Home Forums Tutorials Articles Register
Go Back   LinuxQuestions.org > Forums > Linux Forums > Linux - Hardware
User Name
Password
Linux - Hardware This forum is for Hardware issues.
Having trouble installing a piece of hardware? Want to know if that peripheral is compatible with Linux?

Notices


Reply
  Search this Thread
Old 06-02-2008, 09:08 PM   #1
KingPong
LQ Newbie
 
Registered: Jun 2008
Location: Atlanta, GA
Posts: 3

Rep: Reputation: 0
Partitions missing on startup after mdadm snafu


Hello,

I have a new OpenSuSE 10.3 (2.6.22.17-0.1-default) server that I configured a RAID-1 root partition on.

The second hard drive of the pair turned out to be faulty (SMART errors), so I replaced it, and added the new drive to the array. Unfortunately, instead of telling mdadm to add sdb2, I accidentally gave it sdb.

So, I failed the drive, repartitioned it with fdisk, and added sdb2 into the array. The array rebuilt with no errors and I thought all was well... until the next reboot.

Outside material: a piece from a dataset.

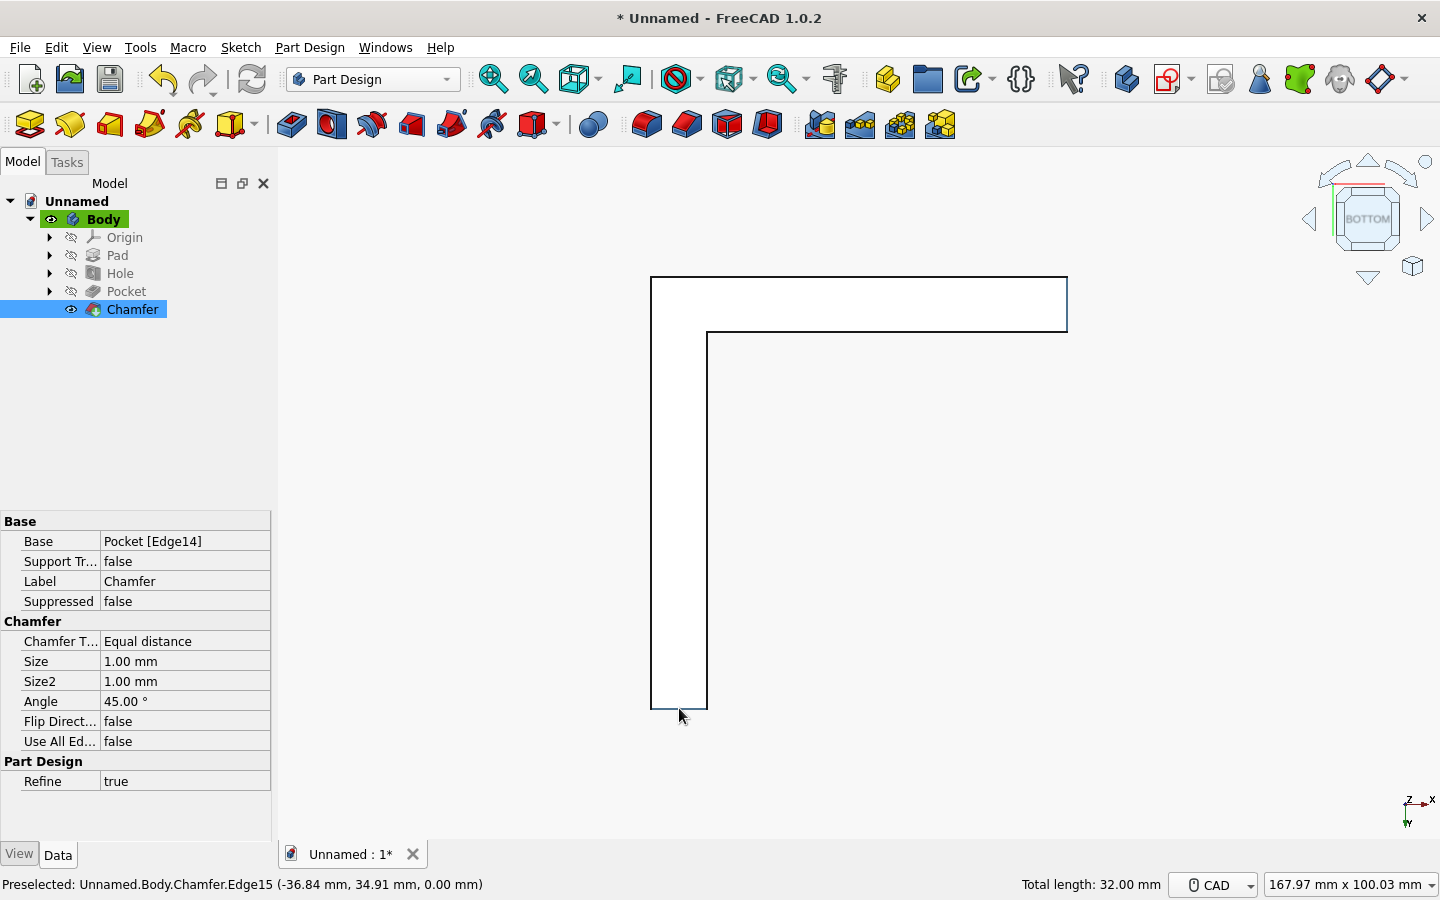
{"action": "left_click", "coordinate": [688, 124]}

The system booted successfully, but my RAID volume started in degraded mode because the second partition (sdb2) did not exist in /dev. I am able to get the partitions into /dev using partprobe, which is confusing. Why would the partitions not already be there?

Another person posted the exact same problem in the newbie forum, but the response didn't make much sense to me, and the OP did not indicate if/how his problem was fixed. I would post the link to that thread, but the forum will not let me until I've posted at least once. I'll provide it in a reply.

Could you please help me? Lots of details are below. If you need any others, please ask.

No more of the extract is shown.